Introduction:
- India’s transport sector is large and diverse; it caters to the transport needs of 1.2 billion people. Mobility flows have become a key dynamic in the rapid urbanisation process of Indian cities with urban transport infrastructure constituting the skeleton of the urban form.
- Despite the increasing levels of urban mobility in Indian cities, access to places, activities and services is becoming increasingly difficult in terms of convenience, cost and time.
- The present levels of urban mobility are already generating a crisis situation characterized by high levels of congestion, environmental pollution, traffic fatalities and inequity eventually leading to a situation of undesired accessibility crisis.
Urban transport problems:
- With over a quarter of India’s urban population below the poverty line, the mobility problems of the poor are of special concern. The unaffordability of private transport or the lack of public transit options forces this segment of the urban population to walk or cycle increasingly long distances, and, consequently, suffer severe pollution.
- As Indian cities continue to spread outward, those residents too poor to afford motorised transport will be increasingly put at a disadvantage, and further cut off from employment, recreational, educational, medical and other activity sites they need to access in the city.
- Reforming archaic transport planning and management for urban India remains the still bigger challenge.
- While, in some states, the transport department undertakes urban transport planning, in others, it is the urban development or municipal administration at the urban level that does it.
- There is a severe lack of horizontal and vertical coordination among these agencies at central, state and local levels, making accountability very difficult.
- Apparently, there is an absence of any effective coordinating agency where urban transport and land use plans can be formulated and integrated keeping an overall goal in mind.
- Another weakness is the limited authority delegated at the local city level.
- Generally, city administrations are inadequate to undertake efficient city management either because of the lack of technical capacity in city administrations or because of the weak revenue base and dependence on state and central governments for most of its financial needs.
Constitutional Provision:
- According to the Seventh Schedule (Article 246) of the Indian Constitution, urban development, which includes urban transport, is in the State List.
The National Urban Transport Policy
- The central government, under the Ministry of Urban Development (MOUD), issued the National Urban Transport Policy in 2006 with specific policy objectives of achieving safe, affordable, quick, comfortable, reliable and sustainable access to jobs, education, shopping and recreation and other such needs to an increasing number of urban residents within our cities.
- The policy acknowledged problems of road congestion and associated air pollution.
To address these issues, the NUTP proposed four strategies primarily focusing on
- increasing efficiency of road space by favouring public transport,
- using traffic management instruments to improve traffic performance,
- restraining growth of private vehicular traffic and
- technological improvements in vehicles and fuels to reduce vehicle emissions.

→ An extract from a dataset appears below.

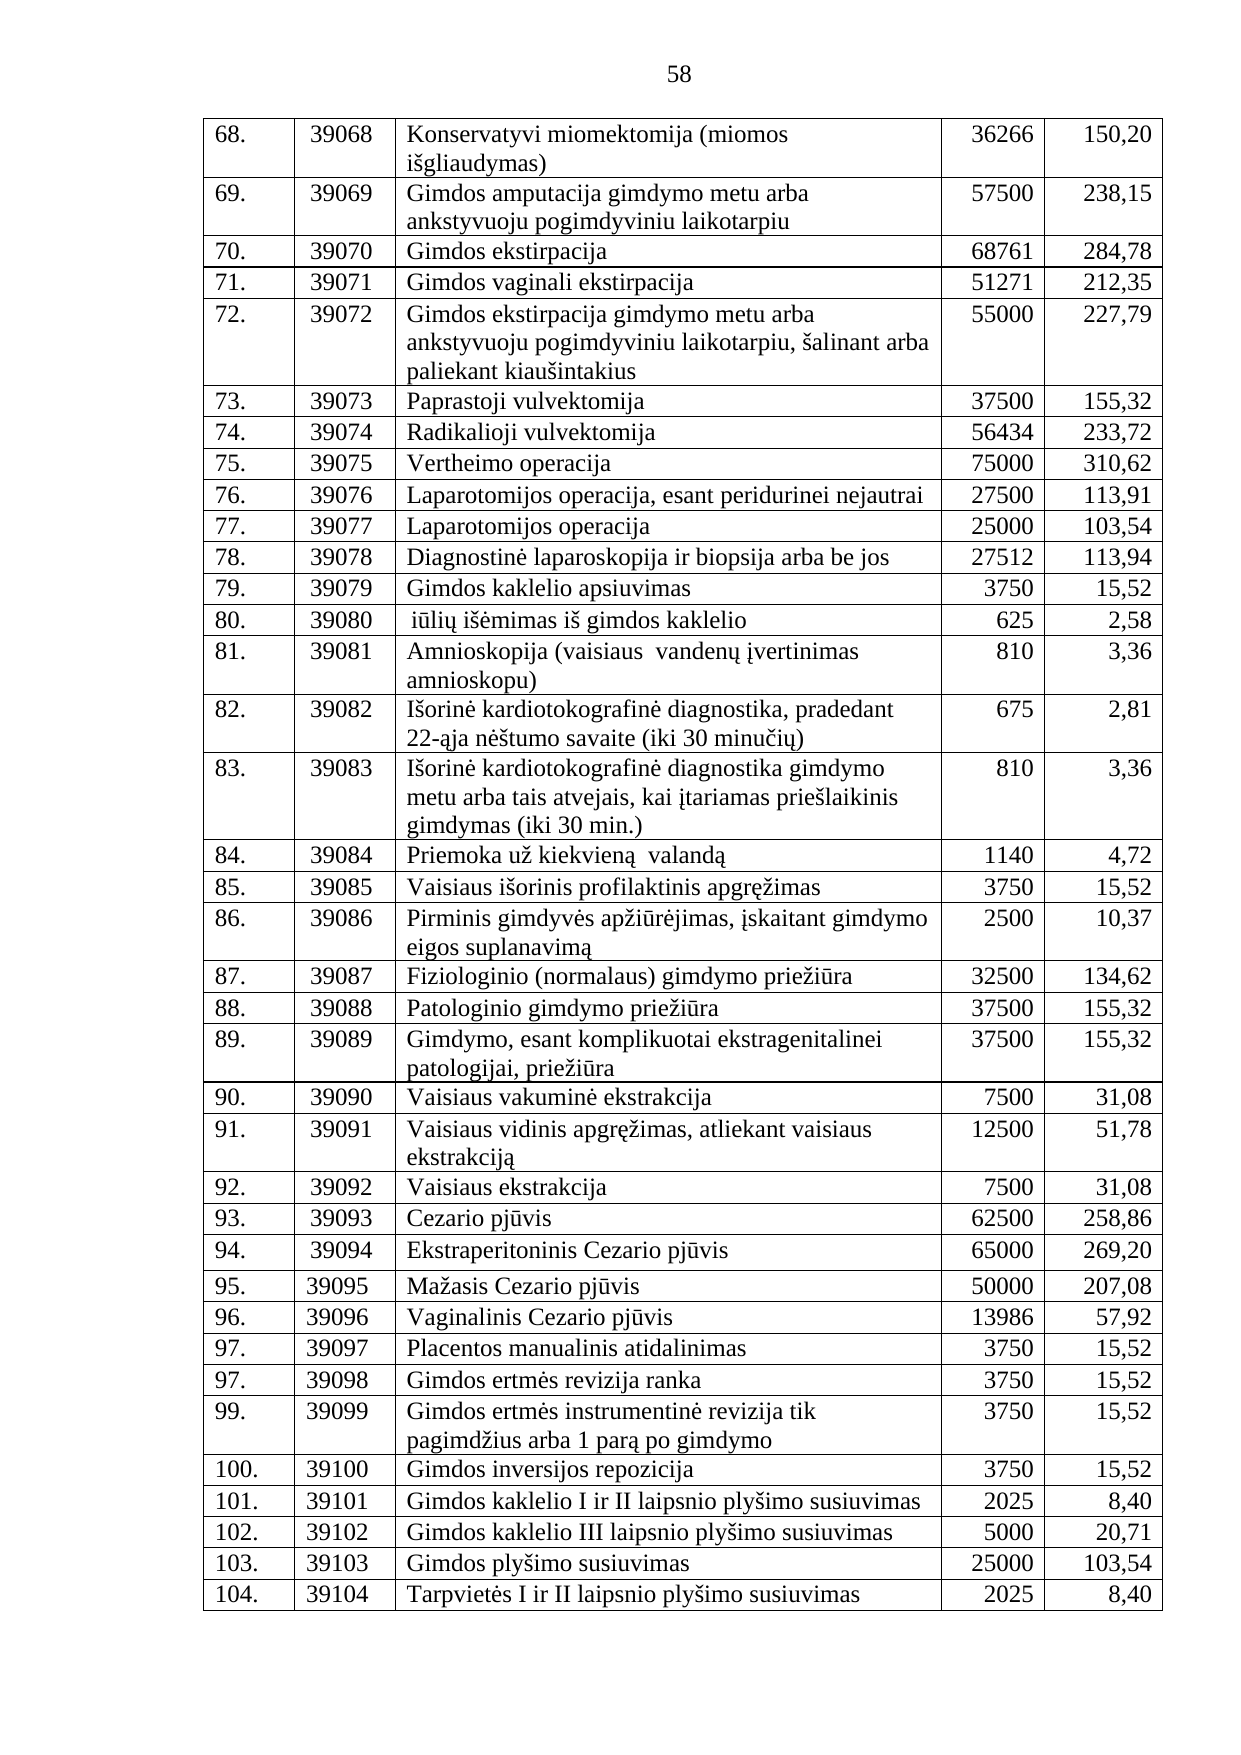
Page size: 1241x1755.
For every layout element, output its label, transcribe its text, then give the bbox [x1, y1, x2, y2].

- The NUTP recognized the states as the main facilitators in the process of policy implementation and the central government’s role was confined to supporting the states with the necessary financial support and technical expertise.
The Need of the hour:
- Urban transport systems require several functions to be performed in a well-coordinated manner for seamless and comfortable travel experience for commuters. Unfortunately, these are performed by multiple agencies under the central, state and city governments which do not necessarily work together.
- There is immediate requirement to remove physical and policy bottlenecks i.e. clear pathways inside and adjoining railway stations of obstacles, install escalators, create multiple entry and exit points, and put in place an organised feeder transport network to stations and bus terminals.
- Urban mobility is multi-dimensional in terms of policy and operational implications. Therefore, coherence in policy interventions and linkages among processes are essential.
- Improved accessibility is neither achieved by adding more roads, rail or vehicles, nor through ad hoc spatial interventions such as traffic management techniques in isolation to achieve delocalization and decongestion.